Surgical procedures to improve PAP use
Patients who tolerate PAP and whose sleep-disordered breathing is abolished by PAP do not typically need surgery. However, there is a significant number of patients who do not tolerate PAP because of the need for elevated pressures or because of nasal obstruction. In selected patients with elevated pressures, surgery on the upper airway can reduce PAP pressures and improve compliance. Examples include patients with large tonsils, adenoid hypertrophy or nasal obstruction. If medical treatment of these issues fails, surgical treatment including tonsillectomy, adenoidectomy, or nasal surgery may help reduce PAP pressures and/or improve compliance.13 Obstruction from turbinate hypertrophy, deviated septum, or nasal polyps, for example, may benefit from surgical correction.

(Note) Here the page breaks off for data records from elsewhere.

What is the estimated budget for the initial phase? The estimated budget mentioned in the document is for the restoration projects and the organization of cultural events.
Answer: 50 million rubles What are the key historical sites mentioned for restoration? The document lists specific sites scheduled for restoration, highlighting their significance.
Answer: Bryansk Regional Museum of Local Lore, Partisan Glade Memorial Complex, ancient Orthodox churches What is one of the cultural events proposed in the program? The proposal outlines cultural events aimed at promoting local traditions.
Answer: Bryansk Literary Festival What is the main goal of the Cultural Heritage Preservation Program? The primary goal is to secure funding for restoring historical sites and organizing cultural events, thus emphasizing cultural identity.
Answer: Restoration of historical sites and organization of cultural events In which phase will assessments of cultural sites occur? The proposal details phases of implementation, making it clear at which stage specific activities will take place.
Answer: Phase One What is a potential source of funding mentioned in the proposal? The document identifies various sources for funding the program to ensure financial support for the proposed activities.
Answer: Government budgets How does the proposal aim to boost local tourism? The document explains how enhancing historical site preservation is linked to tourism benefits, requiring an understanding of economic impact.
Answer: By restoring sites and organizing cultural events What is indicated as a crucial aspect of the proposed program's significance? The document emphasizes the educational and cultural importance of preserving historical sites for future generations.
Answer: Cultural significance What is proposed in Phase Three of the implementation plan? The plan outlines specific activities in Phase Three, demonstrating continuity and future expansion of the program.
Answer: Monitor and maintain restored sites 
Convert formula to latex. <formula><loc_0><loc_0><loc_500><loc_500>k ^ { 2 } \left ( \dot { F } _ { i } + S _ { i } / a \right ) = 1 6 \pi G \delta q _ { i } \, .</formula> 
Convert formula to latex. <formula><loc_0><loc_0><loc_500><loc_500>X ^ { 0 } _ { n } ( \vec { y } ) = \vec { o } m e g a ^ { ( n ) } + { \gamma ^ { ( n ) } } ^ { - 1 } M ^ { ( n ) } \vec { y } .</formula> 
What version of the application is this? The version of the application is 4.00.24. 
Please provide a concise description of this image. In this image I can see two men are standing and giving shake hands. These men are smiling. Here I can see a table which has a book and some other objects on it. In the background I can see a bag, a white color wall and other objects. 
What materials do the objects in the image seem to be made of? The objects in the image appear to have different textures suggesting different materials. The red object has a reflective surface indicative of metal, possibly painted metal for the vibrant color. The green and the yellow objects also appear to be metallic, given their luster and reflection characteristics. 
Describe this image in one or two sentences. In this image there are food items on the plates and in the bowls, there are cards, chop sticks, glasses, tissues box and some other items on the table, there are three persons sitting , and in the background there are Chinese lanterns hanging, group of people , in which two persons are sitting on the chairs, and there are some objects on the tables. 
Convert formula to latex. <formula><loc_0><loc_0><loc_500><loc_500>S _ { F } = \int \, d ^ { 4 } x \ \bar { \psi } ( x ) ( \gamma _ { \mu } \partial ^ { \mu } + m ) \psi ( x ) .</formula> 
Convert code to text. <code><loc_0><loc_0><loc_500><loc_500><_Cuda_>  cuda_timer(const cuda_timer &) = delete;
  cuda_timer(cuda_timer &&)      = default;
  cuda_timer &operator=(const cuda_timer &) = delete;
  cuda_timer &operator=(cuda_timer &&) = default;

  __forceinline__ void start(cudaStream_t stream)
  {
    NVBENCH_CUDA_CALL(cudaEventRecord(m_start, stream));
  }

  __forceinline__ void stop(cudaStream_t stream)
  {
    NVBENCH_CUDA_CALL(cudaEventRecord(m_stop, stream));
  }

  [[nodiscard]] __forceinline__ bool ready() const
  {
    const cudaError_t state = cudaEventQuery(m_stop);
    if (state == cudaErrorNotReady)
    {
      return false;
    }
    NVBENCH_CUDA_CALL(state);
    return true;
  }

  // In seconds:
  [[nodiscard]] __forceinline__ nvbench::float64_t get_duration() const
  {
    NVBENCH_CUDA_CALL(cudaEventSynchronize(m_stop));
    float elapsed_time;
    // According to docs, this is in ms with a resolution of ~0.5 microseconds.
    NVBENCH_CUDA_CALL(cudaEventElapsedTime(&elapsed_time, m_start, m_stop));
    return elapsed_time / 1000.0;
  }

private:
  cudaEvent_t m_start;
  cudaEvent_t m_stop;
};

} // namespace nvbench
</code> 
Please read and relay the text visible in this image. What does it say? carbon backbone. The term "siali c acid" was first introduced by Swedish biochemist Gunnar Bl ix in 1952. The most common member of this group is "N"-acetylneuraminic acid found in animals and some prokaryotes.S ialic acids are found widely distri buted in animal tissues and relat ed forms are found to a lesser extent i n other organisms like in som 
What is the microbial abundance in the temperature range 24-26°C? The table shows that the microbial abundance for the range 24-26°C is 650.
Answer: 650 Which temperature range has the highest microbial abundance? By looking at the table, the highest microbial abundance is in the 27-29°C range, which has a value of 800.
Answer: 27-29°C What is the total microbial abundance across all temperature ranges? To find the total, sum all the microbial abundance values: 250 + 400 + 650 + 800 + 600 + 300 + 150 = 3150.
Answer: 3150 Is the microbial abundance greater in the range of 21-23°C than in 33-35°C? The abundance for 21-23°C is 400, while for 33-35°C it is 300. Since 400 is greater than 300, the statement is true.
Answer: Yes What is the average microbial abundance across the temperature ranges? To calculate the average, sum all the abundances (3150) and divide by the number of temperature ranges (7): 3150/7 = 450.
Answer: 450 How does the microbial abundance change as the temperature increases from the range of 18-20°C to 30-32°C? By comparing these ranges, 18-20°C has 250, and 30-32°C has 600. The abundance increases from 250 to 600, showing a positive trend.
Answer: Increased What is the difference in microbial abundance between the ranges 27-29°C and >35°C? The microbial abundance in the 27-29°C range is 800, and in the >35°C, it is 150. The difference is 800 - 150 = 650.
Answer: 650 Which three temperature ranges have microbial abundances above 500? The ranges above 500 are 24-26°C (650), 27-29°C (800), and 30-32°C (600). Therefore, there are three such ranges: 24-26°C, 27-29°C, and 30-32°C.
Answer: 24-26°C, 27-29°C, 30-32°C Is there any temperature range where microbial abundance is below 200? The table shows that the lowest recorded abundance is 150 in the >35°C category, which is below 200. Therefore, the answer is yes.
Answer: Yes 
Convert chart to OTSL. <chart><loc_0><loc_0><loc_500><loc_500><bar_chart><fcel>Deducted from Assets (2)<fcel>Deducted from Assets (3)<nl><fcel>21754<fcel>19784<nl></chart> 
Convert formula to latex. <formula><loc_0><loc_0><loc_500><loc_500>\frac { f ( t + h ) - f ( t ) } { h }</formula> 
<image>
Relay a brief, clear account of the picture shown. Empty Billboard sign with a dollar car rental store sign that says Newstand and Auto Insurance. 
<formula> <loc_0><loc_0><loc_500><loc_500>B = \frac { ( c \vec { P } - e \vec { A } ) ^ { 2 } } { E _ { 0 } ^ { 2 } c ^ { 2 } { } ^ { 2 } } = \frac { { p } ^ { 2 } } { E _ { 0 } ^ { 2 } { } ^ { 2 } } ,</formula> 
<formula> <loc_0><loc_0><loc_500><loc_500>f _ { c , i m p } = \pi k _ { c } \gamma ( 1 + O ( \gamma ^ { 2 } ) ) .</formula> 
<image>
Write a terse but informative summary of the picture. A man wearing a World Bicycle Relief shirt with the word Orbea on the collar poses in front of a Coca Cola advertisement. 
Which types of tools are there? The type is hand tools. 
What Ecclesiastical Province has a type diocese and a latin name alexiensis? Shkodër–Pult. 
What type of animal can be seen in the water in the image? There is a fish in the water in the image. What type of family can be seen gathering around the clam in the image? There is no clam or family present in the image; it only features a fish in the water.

Non-upper airway surgery for OSA
Despite its efficacy in bypassing upper airway obstruction, tracheotomy is rarely considered as a sole treatment for patients with OSA.14 More commonly, tracheotomy is used on a temporary basis in the perioperative period for patients undergoing upper airway surgery for OSA. The need for an opening in the neck with its associated hygiene and social burdens appropriately limits its routine use. Tracheotomy is typically reserved for morbidly obese patients who are unable to tolerate PAP, morbidly obese patients with Pickwickian syndrome who require upper airway bypass and nocturnal ventilation, and patients who are unable to tolerate PAP with significant co-morbidities in whom other treatment options have failed.14
Since a significant number of patients with OSA are obese and obesity is a major cause of OSA, bariatric surgery has the potential to significantly reduce a patient’s weight and improve sleep-disordered breathing. Bariatric surgery should be considered in patients with a BMI >40 or patients with a BMI >35 with significant medical co-morbidities.10 Patients who fall into this category should preferably be referred to an appropriate center for bariatric surgery for evaluation. This therapy has the significant advantage of treating other co-morbidities associated with obesity such as diabetes and cardiovascular disease in addition to OSA.10
6 ALGORITHM FOR TREATMENT OF OSA AND TREATMENT GOALS
The goal for treatment for OSA is to alleviate sleep-disordered breathing completely when possible manage the disease if complete cure is not possible. Re-evaluation after a treatment has been instituted is critical to determining treatment success. If one cannot normalize a patient completely, one attempts, at minimum, to move the patient into a less severe disease state through behavioral treatments, application of positive airway pressure, or surgery.
Disease severity* |
---|
Mild (5<AHI<15) |
No symptoms |
Behavioral modification |
Symptoms |
Behavioral modification |
* Additional parameters from the polysomnogram, such as oxygen desaturation nadir, RERAs, and time spent below oxygen saturation of 90% can also be used to guide treatment, as these can shift a patient in to a higher category of disease severity.